LOL. GitHub is also a RoR shop.
It might be. I'm not saying it's impossible to scale Rails. It's just very, very hard. Github can do this, because they probably get the best of the best engineers. They even used to have their own, patched Ruby version.

Not everyone can afford that.

Why do you question Rails while the entire report is about Postgres only ?

And as someone working on one of the biggest and oldest Rails codebase out there, I can tell you that in term of scaling, Rails is the least of our concerns.

Sure it's not as efficient, so it's gonna cost you more in CPU and RAM, but it's trivial to scale horizontally. The real worry are the databases, they are fundamentally harder to scale without tradeoffs.

As for the patched Ruby, we used to have one too (but our patches landed upstream so now we run vanilla). It's not about allowing to scale at all. It's simply that once you reach a certain scale, it's profitable to pay a few engineers to improve Ruby's efficiency. If you have 500 app servers, a 1 or 2% performance gain will save enough to pay those engineers salary.

Depending on hundreds of gems means you are depending on the decisions of hundreds of developers with packages which are in constant churn.

Apps like Gitlab and Discourse that depend on hundreds of gems and require end users to have complex build environment and compile software are I think operating a broken user hostile model.

The potential for compilation failures, version mismatches and Ruby oddities like RVM is so gigantic with hundreds of man hours wasted one is left to conclude they may actually want to run a hosting business and not have users deploy themselves.

Compare that to Go or even PHP where things are so orders of magnitude simper that it is not even the same thing. To deal with this complexity you now have containers but have you solved the complexity or added another layer of complexity? There are technical but I think also social factors at play here.

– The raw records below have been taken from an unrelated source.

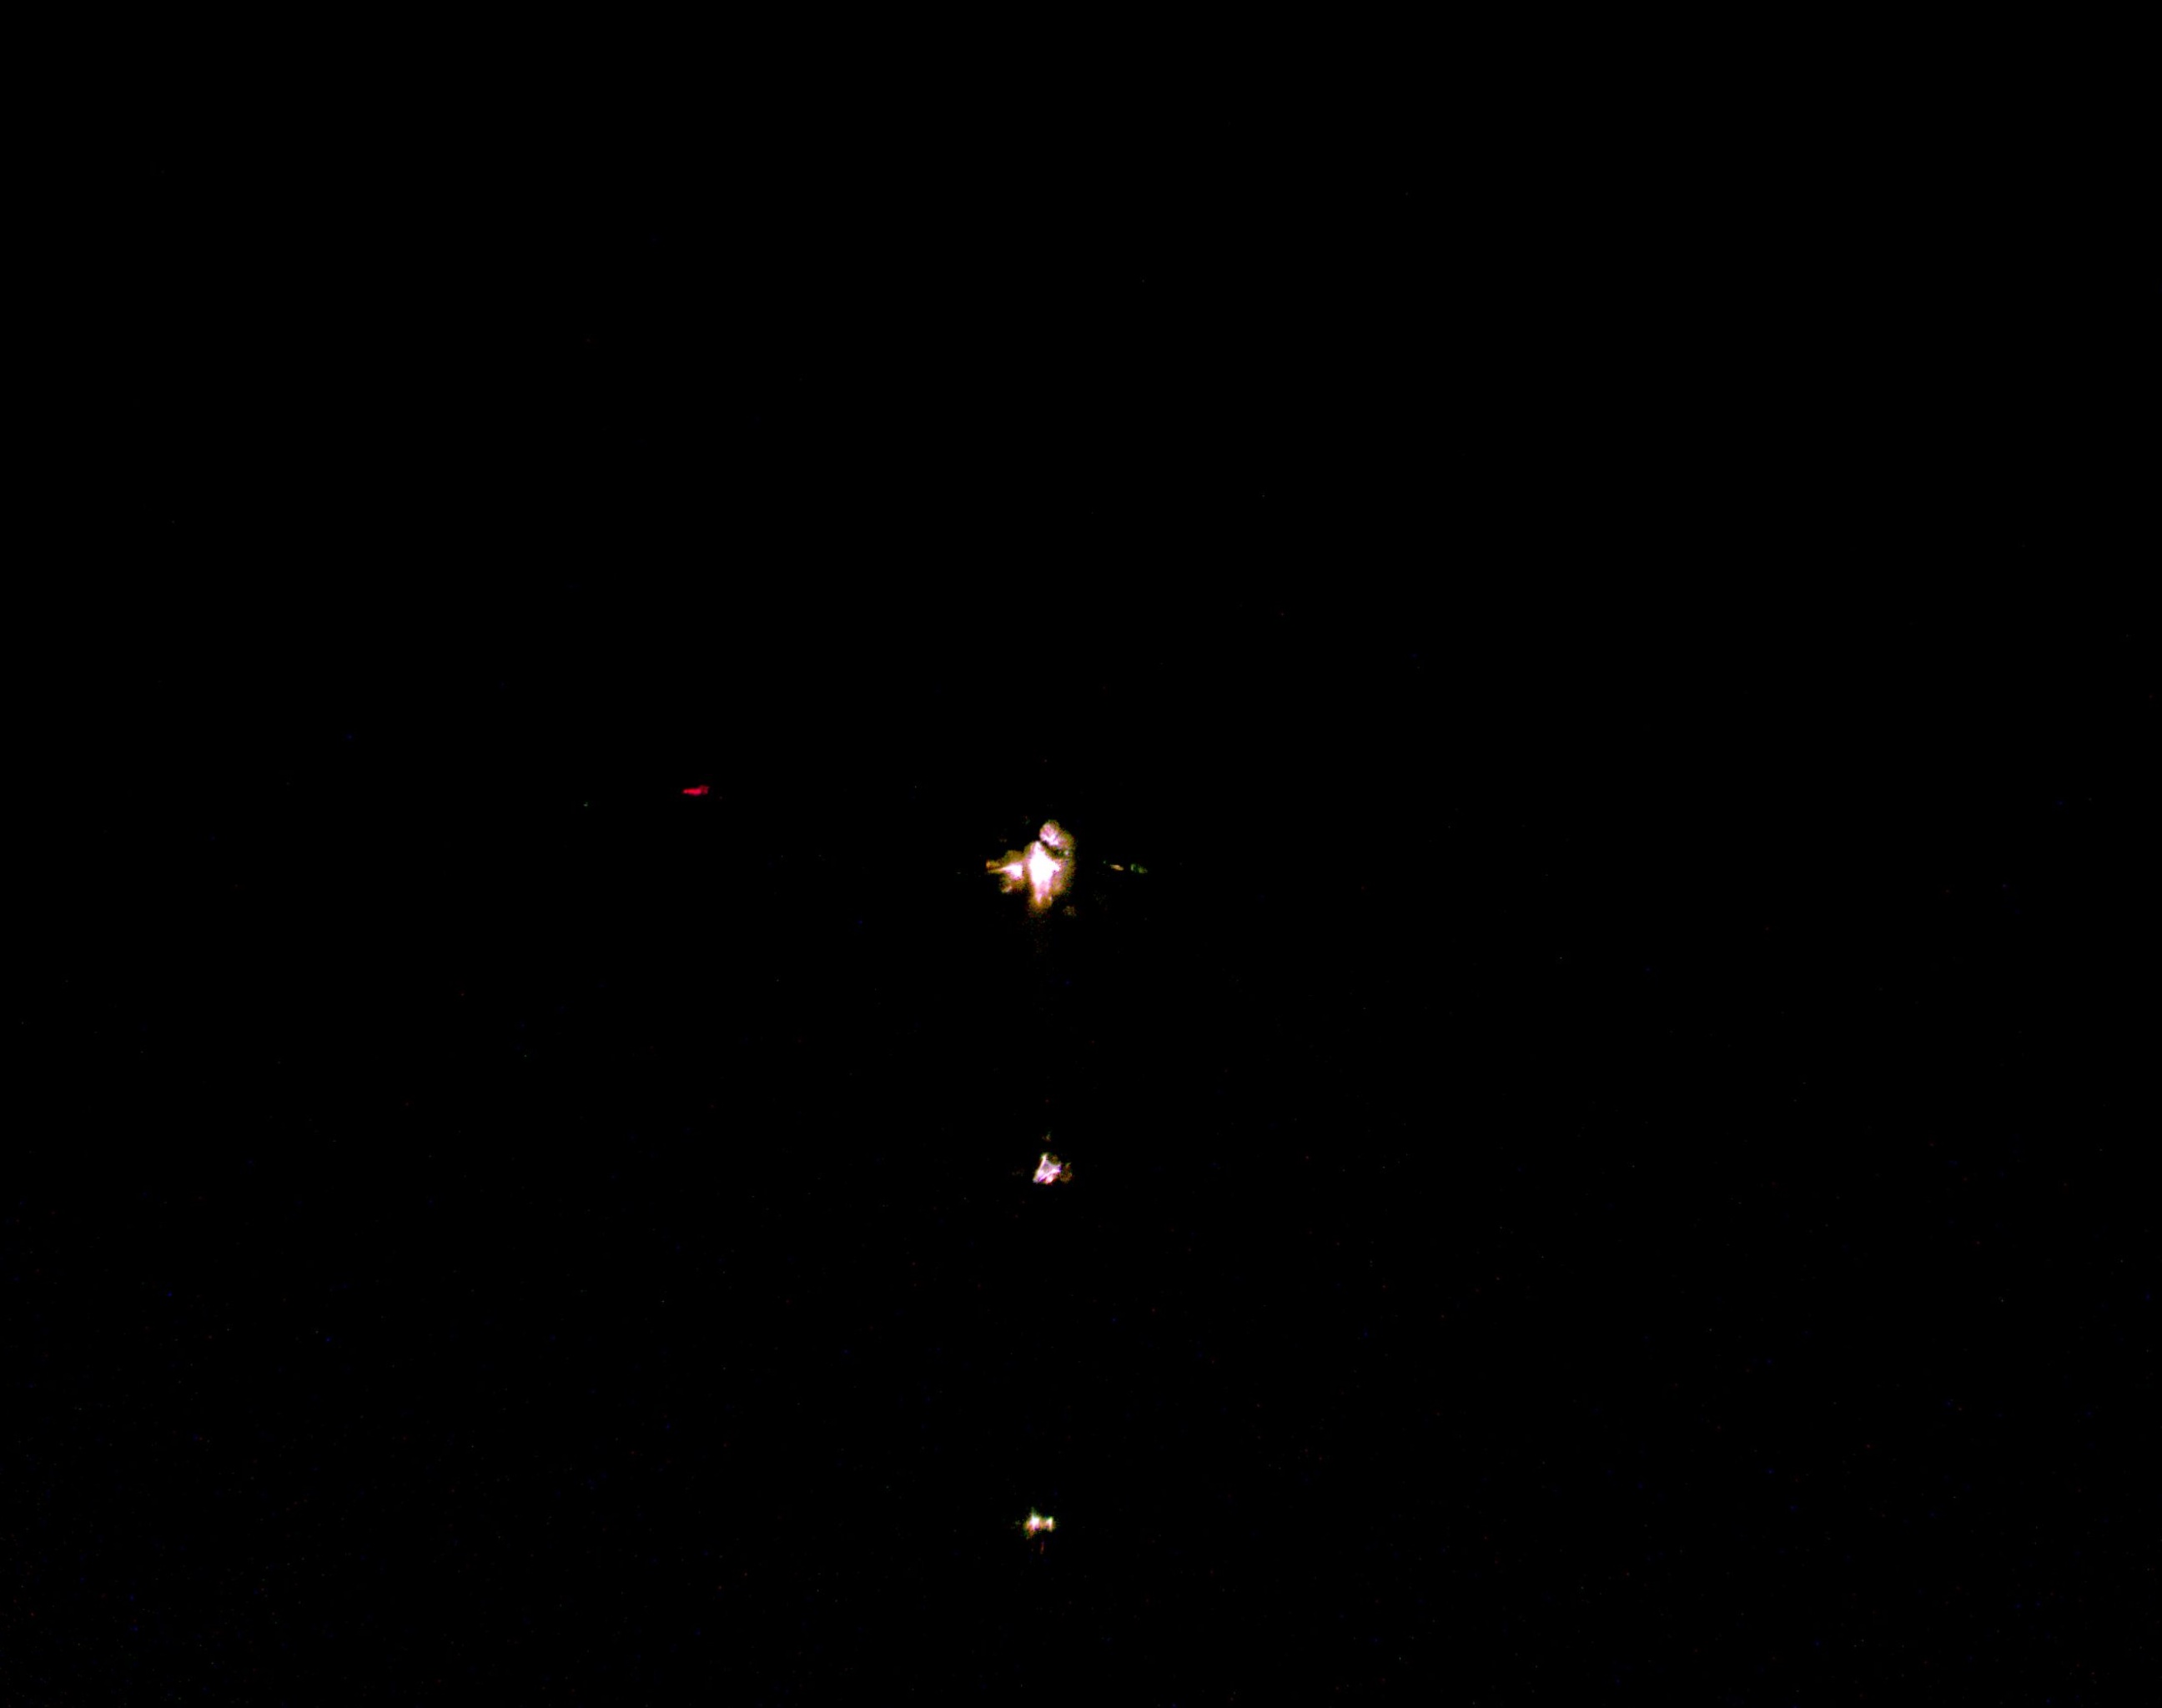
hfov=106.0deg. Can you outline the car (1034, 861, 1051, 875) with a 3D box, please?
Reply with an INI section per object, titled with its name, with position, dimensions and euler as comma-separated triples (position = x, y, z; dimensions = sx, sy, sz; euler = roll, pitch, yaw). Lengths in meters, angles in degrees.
[car]
position = -4.631, 1.671, 98.017
dimensions = 1.916, 1.646, 4.021
euler = -1, 0, -2

Regardless of wether I agree or disagree with your critique, it has absolutely no relevance in the context of the current outage.

You don't like Ruby / Rails we get it. But that's totally out of topic.

It's not hard to scale a Rails server, when compared to other frameworks and languages. It's exactly the same as scaling a server written in Java, Node.js, Python, or any other language. You just spin up more machines and put them behind a load balancer.

Yes, Ruby is slower than other programming languages, but this usually doesn't matter. If you are charging people to use your software, or even if you are serving ads, you will always be making money before you need a second server. Plus, Rails is super productive, so you'll be able to build your product much faster.

I'm not sure why GitHub used a patched Ruby version, but no, that's not necessary.

Having said all of that, I'm moving towards Elixir and Phoenix. Not just because of the performance, but also because I really like the language and framework.

Nah this is just about having a robust backup system
I have searched the gitlab website and repositories looking for processes and procedures addressing change management, release management, incident management or really anything. I have found work instructions but no processes or procedures. Until you develop and enforce some appropriate processes and the resulting procedures I'm afraid you will never be able to deliver and maintain an enterprise level service.

Hopefully this will be the learning experience which allows you to place an emphasis on these things going forward and don't fall into the trap of thinking formal processes and procedures are somehow incongruent with speedy time to market, technological innovation or in conflict with DevOps.